Two notebooks was not covered in lesson 4, even though it was mentioned in the wiki of lesson4 official topics and found it being mentioned for lesson 5. I was wondering, whether the pace of the class was getting affected in some way?

Probably a good way to rephrase is aren’t we going all good in covering listed learning outcomes?

Ah I see.

I prepare more material than I expect to need each week, in case I go faster than I expect. I don’t want to run out of things to talk about in a lesson! So then I just move the stuff I haven’t done yet to become the start of the next lesson.

Remember, these lessons are all totally new. So I have absolutely no idea what we’ll be able to cover in the 7 weeks we have available. AFAICT UQ requires having “learning outcomes” as part of setting up courses, so frankly I just stuck some generic things in there.
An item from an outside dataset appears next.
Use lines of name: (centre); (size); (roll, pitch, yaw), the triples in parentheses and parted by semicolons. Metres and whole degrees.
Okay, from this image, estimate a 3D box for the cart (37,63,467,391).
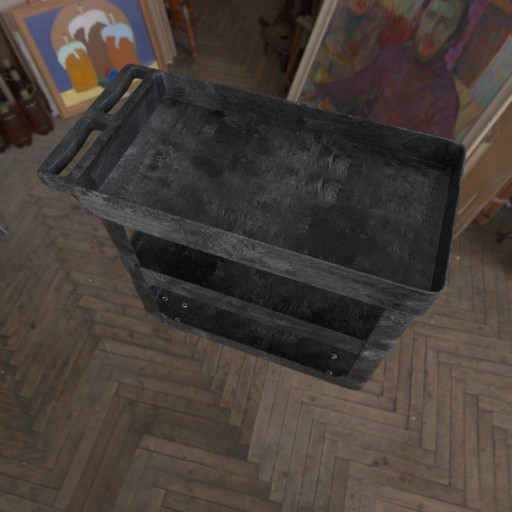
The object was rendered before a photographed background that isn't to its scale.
cart: (0.000, 0.000, 1.330); (0.877, 0.824, 0.420); (17, 60, 10)

I think we’ve covered all of those listed to some extent already!


Hi @kurianbenoy , I have been using this excellent thread to sort of go over the summary of each lecture and the topics that Jeremy went over in that lecture. I feel that the youtube chapter markers actually give an excellent and concise description of topics covered in each lecture. At some point, I intend to curate these items into a separate thread.

Jeremy’s lectures are extremly information dense and sometimes it is quite eyeopening for me to look at these summaries and I realize just how much information Jeremy actually covered in a single lecture.


Thanks for reminding about this. I would also love to help with transcriptions :slight_smile:


I was trying to run the following to visualize a simpe 4 leaf node decision tree and run into this error.

samp_idx = np.random.permutation(len(y))[:500]
dtreeviz(m, xs.iloc[samp_idx], y.iloc[samp_idx], xs.columns, dep_var,
fontname=‘DejaVu Sans’, scale=1.6, label_fontsize=10,

it turns out that it could be that your sample is too small to cover all the leaf nodes. so by increasing the size from 500 to 5000 worked to resolve this for me.



Can anyone could help me with my notebook from the previous lesson? I got stuck with a negative pearson correlation and my post got buried under the last topic post. Wasn’t sure what else I could attempt.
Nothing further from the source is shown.